DATA UNDER STUDY:
----
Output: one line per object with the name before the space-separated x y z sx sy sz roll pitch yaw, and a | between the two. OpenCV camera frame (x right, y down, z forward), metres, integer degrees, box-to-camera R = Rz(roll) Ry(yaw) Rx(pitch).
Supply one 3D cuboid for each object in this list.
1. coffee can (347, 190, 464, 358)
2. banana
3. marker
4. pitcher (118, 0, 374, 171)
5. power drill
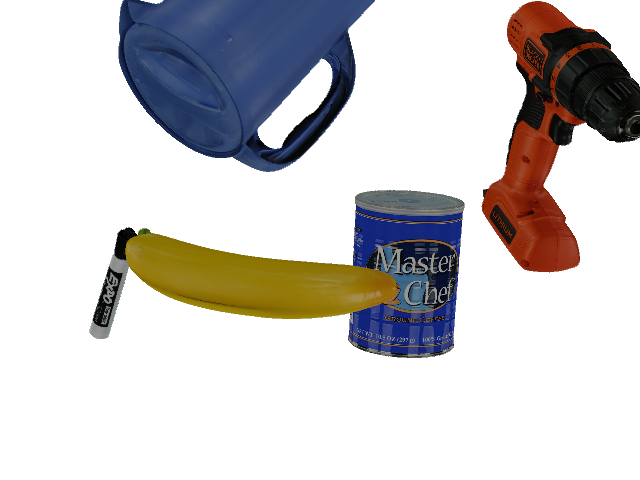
coffee can | 0.080 0.029 1.012 0.103 0.140 0.103 3 11 -1
banana | -0.053 0.020 0.683 0.198 0.037 0.069 12 34 24
marker | -0.189 0.039 0.978 0.020 0.121 0.020 17 30 -10
pitcher | -0.038 -0.184 0.907 0.145 0.149 0.242 25 58 31
power drill | 0.186 -0.071 0.829 0.057 0.188 0.184 -2 34 -14
----
REQUIRED ACTION:
The entries above need to be repeated in full, word for word. Skip the images.

TASK RESPONSE:
Output: one line per object with the name before the space-separated x y z sx sy sz roll pitch yaw, and a | between the two. OpenCV camera frame (x right, y down, z forward), metres, integer degrees, box-to-camera R = Rz(roll) Ry(yaw) Rx(pitch).
Supply one 3D cuboid for each object in this list.
1. coffee can (347, 190, 464, 358)
2. banana
3. marker
4. pitcher (118, 0, 374, 171)
5. power drill
coffee can | 0.080 0.029 1.012 0.103 0.140 0.103 3 11 -1
banana | -0.053 0.020 0.683 0.198 0.037 0.069 12 34 24
marker | -0.189 0.039 0.978 0.020 0.121 0.020 17 30 -10
pitcher | -0.038 -0.184 0.907 0.145 0.149 0.242 25 58 31
power drill | 0.186 -0.071 0.829 0.057 0.188 0.184 -2 34 -14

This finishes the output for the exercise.